Voilà pour le début de l’histoire, racontée en partie par ce documentaire constitué principalement d’images d’archives, d’interviews, de captations de sessions et autres lives que l’équipe réalisatrice menée par Karl Folke (des suédois lié au crew et sound system Meditative Sound) a su mettre en valeur avec suffisement d’intelligence. Un gros boulot.
 
L’intérêt du DVD, hormis son aspect finement historique, est son aspect pédagogique, voire didactique. Celui-ci présente en effet aussi bien les acteurs phares, fondateurs en quelques sorte, que les newscomers, gens de l’ombre (enfin un zoom sur Terry Gad! warrior), passionnés et autres architectes de cette culture (le constructeur de pré-amplis Mark Mostec, l’artisan de scoops, ces caissons de basses gigantesques, Shortman. Sans oublier de revenir sur l’aspect crucial joué par les dublates, ces versions exclusives créées à la base pour la promotion d’un sound face à un autre et qui aujourd’hui semblent être catalyseurs de « bonne compétition » entre les différents team de producteurs et soundmen.
 
Le reportage donne ainsi une parole large et élégante à Stryda, Reuben Addis, Fatman, Idren Natural, Mickey Dread ou les jeunes fils de Shaka et Ariwa, tout en proposant des images (très lourdes) de sessions d’Aba Shanti, Jah Life, King Shiloh, Mighty Tabbot, King Earthquake, Jah Trinity ou Iration Steppas. Le tout joliment mis en boîte –un bel artwork- ça aide.
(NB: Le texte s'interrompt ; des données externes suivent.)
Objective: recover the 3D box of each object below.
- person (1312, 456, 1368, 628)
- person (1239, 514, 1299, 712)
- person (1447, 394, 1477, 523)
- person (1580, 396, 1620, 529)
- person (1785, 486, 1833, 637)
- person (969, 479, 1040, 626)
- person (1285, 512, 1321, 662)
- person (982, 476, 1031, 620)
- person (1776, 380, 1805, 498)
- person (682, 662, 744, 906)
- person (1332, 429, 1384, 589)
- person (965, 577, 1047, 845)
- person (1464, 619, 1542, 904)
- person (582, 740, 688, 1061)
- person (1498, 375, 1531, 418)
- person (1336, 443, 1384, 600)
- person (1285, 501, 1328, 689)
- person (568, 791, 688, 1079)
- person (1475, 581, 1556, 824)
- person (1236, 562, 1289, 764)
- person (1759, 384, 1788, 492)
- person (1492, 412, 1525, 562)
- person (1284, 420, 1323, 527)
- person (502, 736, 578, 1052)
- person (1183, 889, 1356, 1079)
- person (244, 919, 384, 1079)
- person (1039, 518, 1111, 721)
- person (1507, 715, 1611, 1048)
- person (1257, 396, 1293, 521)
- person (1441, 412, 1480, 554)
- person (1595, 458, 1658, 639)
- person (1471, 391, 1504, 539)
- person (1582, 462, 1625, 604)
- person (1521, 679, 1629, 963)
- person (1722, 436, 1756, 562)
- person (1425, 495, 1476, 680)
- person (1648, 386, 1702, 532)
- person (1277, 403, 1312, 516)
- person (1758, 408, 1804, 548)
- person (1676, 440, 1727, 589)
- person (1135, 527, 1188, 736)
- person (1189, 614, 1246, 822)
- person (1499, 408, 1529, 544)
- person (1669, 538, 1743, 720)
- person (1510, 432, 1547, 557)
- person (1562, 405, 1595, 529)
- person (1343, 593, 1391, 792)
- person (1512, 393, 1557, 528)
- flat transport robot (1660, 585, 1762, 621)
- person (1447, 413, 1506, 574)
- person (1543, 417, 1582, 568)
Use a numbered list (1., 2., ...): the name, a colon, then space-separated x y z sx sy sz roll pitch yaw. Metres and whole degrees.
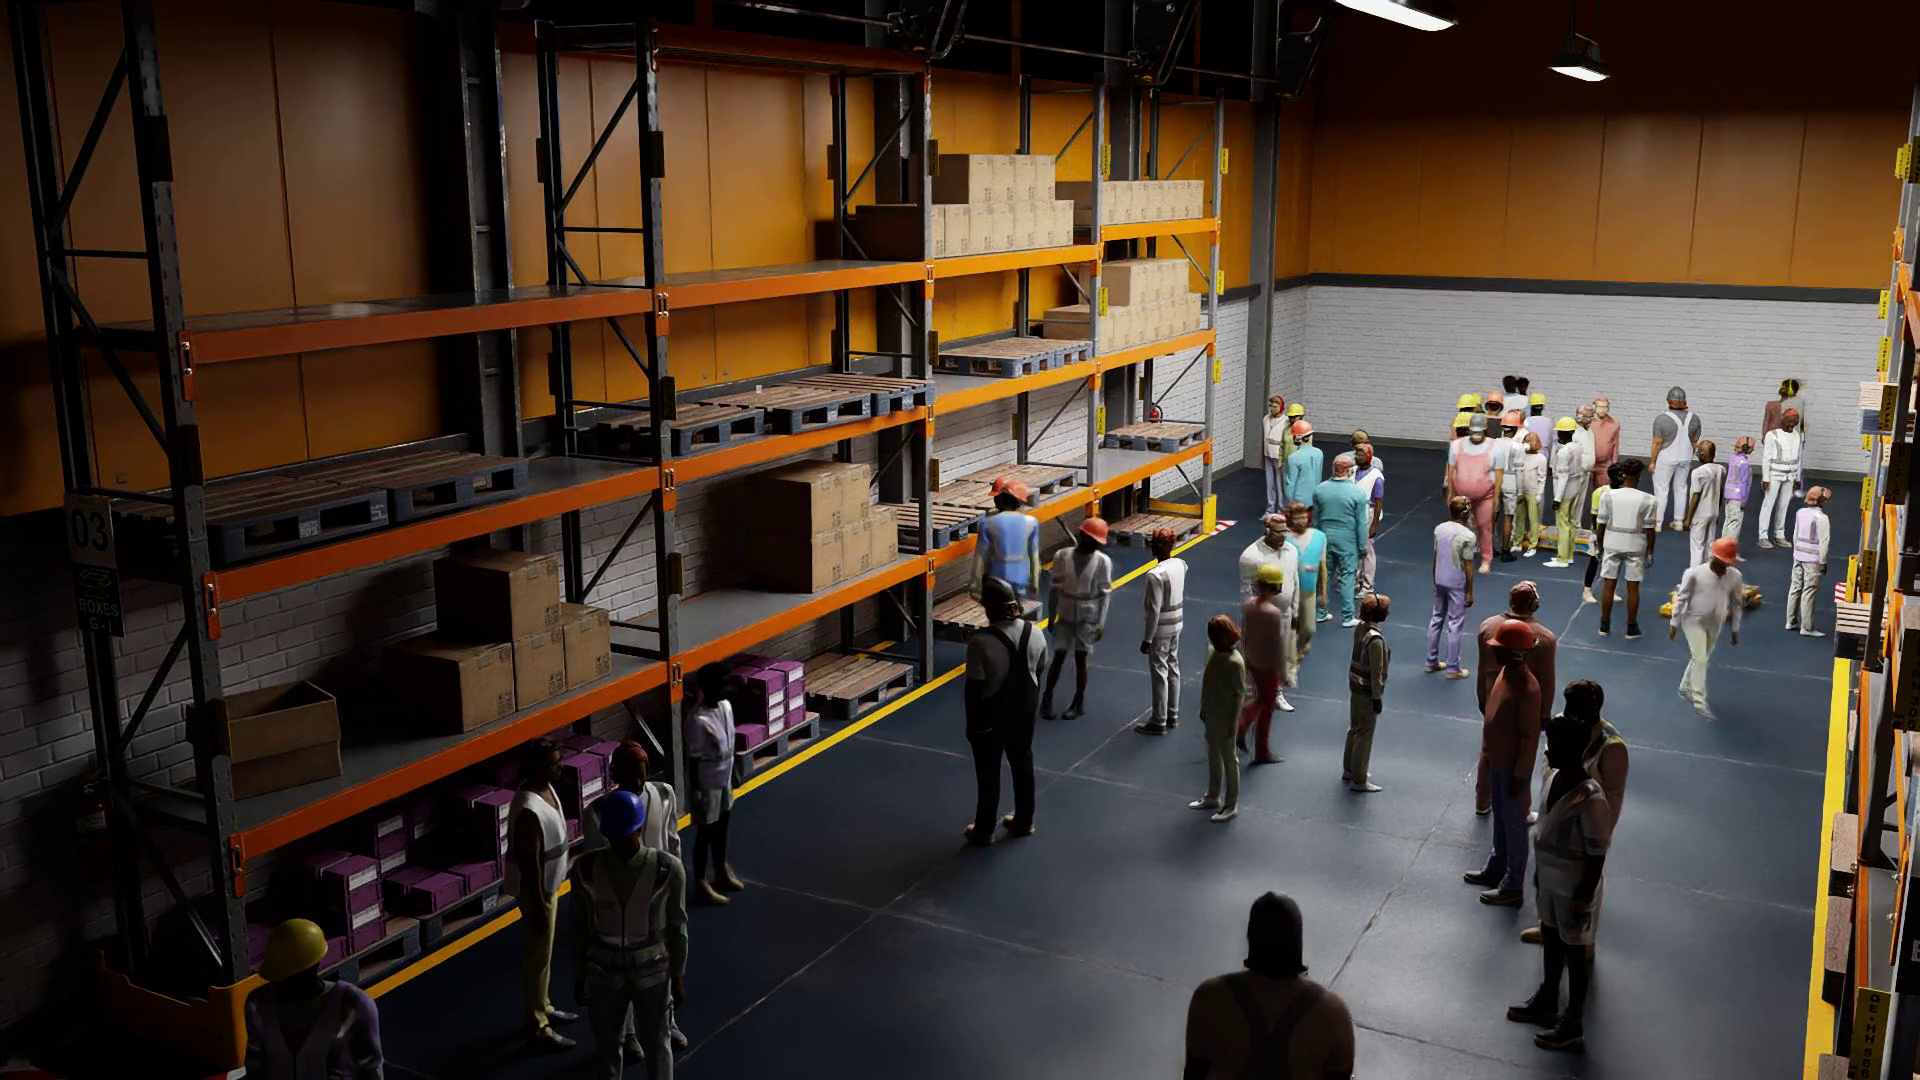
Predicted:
1. person: 4.202 0.011 18.394 0.650 1.900 0.401 11 17 41
2. person: 2.874 0.685 15.366 0.644 1.900 0.399 -7 14 -28
3. person: 7.038 -1.078 23.189 0.383 1.928 0.588 -8 15 -31
4. person: 8.828 -1.050 23.108 0.641 1.912 0.410 0 13 1
5. person: 9.202 0.224 18.013 0.310 1.639 0.514 -2 13 -8
6. person: 0.426 0.403 16.405 0.720 1.995 0.457 -2 13 -11
7. person: 3.379 0.501 16.740 0.552 1.657 0.867 12 17 43
8. person: 0.444 0.344 16.670 0.378 1.996 0.611 -12 17 -43
9. person: 12.772 -1.548 25.530 0.666 1.839 0.322 -6 14 -25
10. person: -1.715 1.656 11.480 0.332 1.691 0.539 5 13 20
11. person: 4.783 -0.377 20.027 0.635 1.939 0.366 8 15 32
12. person: 0.290 1.257 12.479 0.681 2.000 0.535 -8 15 -32
13. person: 3.763 1.512 11.441 0.379 1.996 0.609 0 13 0
14. person: -1.832 2.026 9.418 0.582 1.879 0.375 -10 16 -37
15. person: 8.472 -1.572 25.496 0.680 1.886 0.559 8 15 33
16. person: 4.748 -0.231 19.582 0.387 1.846 0.566 -6 14 -24
17. person: 3.318 0.504 16.347 0.580 1.835 0.610 -2 13 -8
18. person: -1.686 2.196 8.485 0.605 1.948 0.385 -1 13 -3
19. person: 4.297 1.248 12.856 0.394 1.899 0.642 -11 17 -41
20. person: 2.583 1.047 14.066 0.355 1.756 0.538 -3 13 -14
21. person: 12.784 -1.598 25.916 0.535 1.753 0.341 6 14 24
22. person: 7.024 -0.681 21.417 0.387 1.929 0.544 -9 16 -36
23. person: 4.186 -0.484 20.414 0.618 1.987 0.411 -9 16 -36
24. person: -2.422 2.008 9.557 0.387 1.845 0.565 -2 13 -8
25. person: 1.310 2.452 7.132 0.714 2.000 0.536 2 13 9
26. person: -2.767 2.509 7.145 0.585 1.921 0.383 1 13 3
27. person: 1.047 0.723 15.253 0.648 1.879 0.399 2 13 11
28. person: 3.477 1.946 9.569 0.372 1.963 0.608 -1 13 -6
29. person: 4.524 -1.148 23.717 0.393 1.836 0.560 -8 15 -32
30. person: 6.522 -0.721 21.634 0.393 1.909 0.600 -3 13 -15
31. person: 7.158 0.087 17.890 0.613 1.962 0.367 8 15 31
32. person: 7.231 -1.019 22.713 0.617 2.028 0.410 3 13 15
33. person: 7.534 -0.083 19.291 0.547 1.689 0.322 -3 13 -15
34. person: 3.926 1.775 10.614 0.430 1.845 0.624 -5 13 -21
35. person: 10.018 -0.535 21.428 0.321 1.631 0.527 2 13 8
36. person: 4.886 0.466 16.499 0.349 1.837 0.502 -8 15 -31
37. person: 9.889 -1.134 23.188 0.684 2.000 0.538 -2 13 -10
38. person: 4.694 -1.043 23.398 0.523 1.769 0.315 12 17 43
39. person: 10.950 -0.828 22.167 0.572 1.886 0.354 -3 13 -12
40. person: 8.834 -0.273 19.789 0.505 1.840 0.346 -6 14 -24
41. person: 1.799 0.809 14.847 0.355 1.883 0.575 8 15 33
42. person: 2.018 1.365 12.914 0.278 1.633 0.498 -5 14 -23
43. person: 7.525 -0.859 22.424 0.379 1.836 0.565 3 13 14
44. person: 6.939 0.783 15.429 0.619 1.679 0.787 -2 13 -7
45. person: 7.407 -0.603 21.723 0.281 1.636 0.500 -8 15 -31
46. person: 8.327 -0.882 22.399 0.400 1.896 0.653 12 17 42
47. person: 3.315 1.232 13.517 0.312 1.631 0.514 0 13 -1
48. person: 8.038 -1.101 23.325 0.587 1.918 0.398 0 13 2
49. flat transport robot: 8.638 0.673 19.091 0.652 0.197 1.431 11 17 41
50. person: 6.409 -0.597 20.781 0.693 2.000 0.535 8 15 31
51. person: 7.644 -0.606 21.078 0.382 1.924 0.594 10 16 37

Les témoignages d’acteurs sont porfois poignants d’émotion (Fatman qui raconte ses cuts fraîchements sortis des studios JA), de sincérité et de vécu (Natural qui explique ses sessions de Jungleman, Levi Roots ou Ras Muffet l’importance du préampli…). Un résumé bien gaûlé de sensations physiques liées à la basse et aux contre-temps entendus lors d’une danse, en sound-system. Une histoire de vibrations.

 
Mention spéciale enfin pour les images d’archives des sound des années 1980, de bons petits bonus (l’anecdote de danse du meeting Tubbys, Shiloh et Aba !) et petit point d’interrogation : pourquoi pas d’images, d’interviews, de commentaires sur l’icône de cette entière scène, Jah Shaka, dont mentions ne viennent que par bribes. Une question en suspend (même si on se doute du pourquoi…), qui ne retire rien à la force de ce Musically Mad, qui conclu avec tact sur la scène internationale, en croissant développement. Un doc qui devrait renforcer encore plus une scène française (Cultural Warriors, Blackboard Jungle, Tomaski, Munky Lee, OBF, Coptic Sound, Jah Militant, Dub Machinist, Web-Cam Hi-Fi, Weeding Dub…) ayant accumulée histoire et musique, et souvent soucieuse, c’est primordial, de la culture qui la relie à cette histoire. Un documentaire à acheter, comme un bon disque.

Gros plan de Lucas Blaya aka Lux pour 90bpm

DVD Musically Mad

Prix: 20 euros
Accompagné d’un livret 16 pages brillant couleurs, écrits de David Katz.